▶ _TASK PROMPT_
When you reach the line containing "5. power strip [258,371,356,479]", start transcribing exactly and continue through the last line of the data, skipping every picture.

▶ _DATASET RECORDS_

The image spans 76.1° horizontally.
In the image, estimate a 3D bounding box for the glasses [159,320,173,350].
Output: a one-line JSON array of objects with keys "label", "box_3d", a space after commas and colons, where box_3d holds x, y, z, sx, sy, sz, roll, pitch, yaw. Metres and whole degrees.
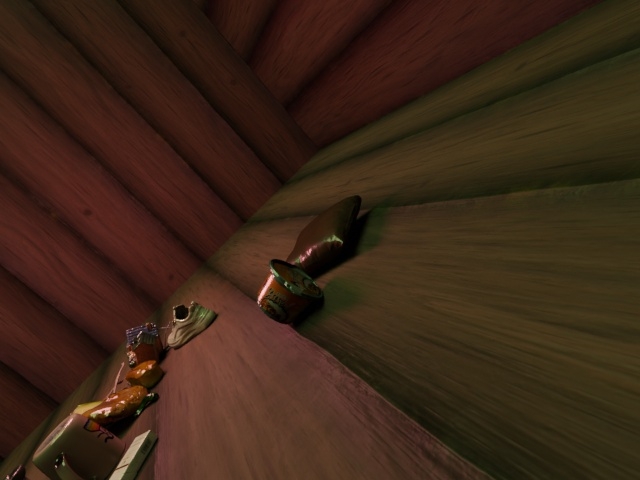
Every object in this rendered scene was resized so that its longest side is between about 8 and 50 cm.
[{"label": "glasses", "box_3d": [-0.731, 0.451, 1.987, 0.140, 0.104, 0.062, -41, 14, -5]}]

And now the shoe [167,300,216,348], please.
[{"label": "shoe", "box_3d": [-0.624, 0.368, 1.854, 0.316, 0.159, 0.124, -33, 19, 23]}]

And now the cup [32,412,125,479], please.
[{"label": "cup", "box_3d": [-0.765, 0.682, 1.283, 0.191, 0.200, 0.252, -46, 17, -14]}]

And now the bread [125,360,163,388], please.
[{"label": "bread", "box_3d": [-0.755, 0.573, 1.753, 0.245, 0.094, 0.102, -25, 18, 48]}]

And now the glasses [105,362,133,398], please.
[{"label": "glasses", "box_3d": [-0.891, 0.646, 1.894, 0.162, 0.095, 0.256, -20, 28, 32]}]

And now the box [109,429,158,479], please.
[{"label": "box", "box_3d": [-0.536, 0.628, 1.165, 0.083, 0.040, 0.154, -32, 20, 26]}]

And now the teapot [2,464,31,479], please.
[{"label": "teapot", "box_3d": [-0.763, 0.698, 1.074, 0.223, 0.285, 0.305, -42, 16, 2]}]

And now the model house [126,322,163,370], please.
[{"label": "model house", "box_3d": [-0.845, 0.491, 1.946, 0.166, 0.172, 0.183, -10, 19, -20]}]

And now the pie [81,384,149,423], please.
[{"label": "pie", "box_3d": [-0.802, 0.642, 1.582, 0.273, 0.069, 0.273, -17, 2, 1]}]

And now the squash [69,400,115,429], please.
[{"label": "squash", "box_3d": [-0.903, 0.704, 1.658, 0.155, 0.203, 0.237, -64, 16, 8]}]

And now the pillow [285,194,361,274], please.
[{"label": "pillow", "box_3d": [0.000, 0.000, 1.385, 0.305, 0.108, 0.308, -35, 18, 31]}]

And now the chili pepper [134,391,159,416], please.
[{"label": "chili pepper", "box_3d": [-0.651, 0.601, 1.524, 0.118, 0.035, 0.055, -43, 17, 3]}]

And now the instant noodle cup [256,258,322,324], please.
[{"label": "instant noodle cup", "box_3d": [-0.100, 0.153, 1.152, 0.126, 0.177, 0.208, -54, -6, 10]}]
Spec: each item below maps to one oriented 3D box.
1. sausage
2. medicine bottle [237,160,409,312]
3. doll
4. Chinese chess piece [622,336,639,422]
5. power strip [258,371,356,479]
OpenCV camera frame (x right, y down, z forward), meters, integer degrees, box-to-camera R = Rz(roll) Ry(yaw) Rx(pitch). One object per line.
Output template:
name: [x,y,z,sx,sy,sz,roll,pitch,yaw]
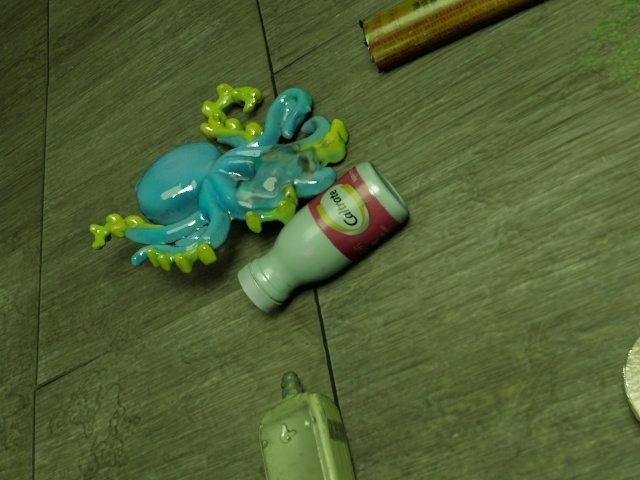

▶ _SOLUTION TO THE PROBLEM_
5. power strip [258,371,356,479]
OpenCV camera frame (x right, y down, z forward), meters, integer degrees, box-to-camera R = Rz(roll) Ry(yaw) Rx(pitch). One object per line.
Output template:
name: [x,y,z,sx,sy,sz,roll,pitch,yaw]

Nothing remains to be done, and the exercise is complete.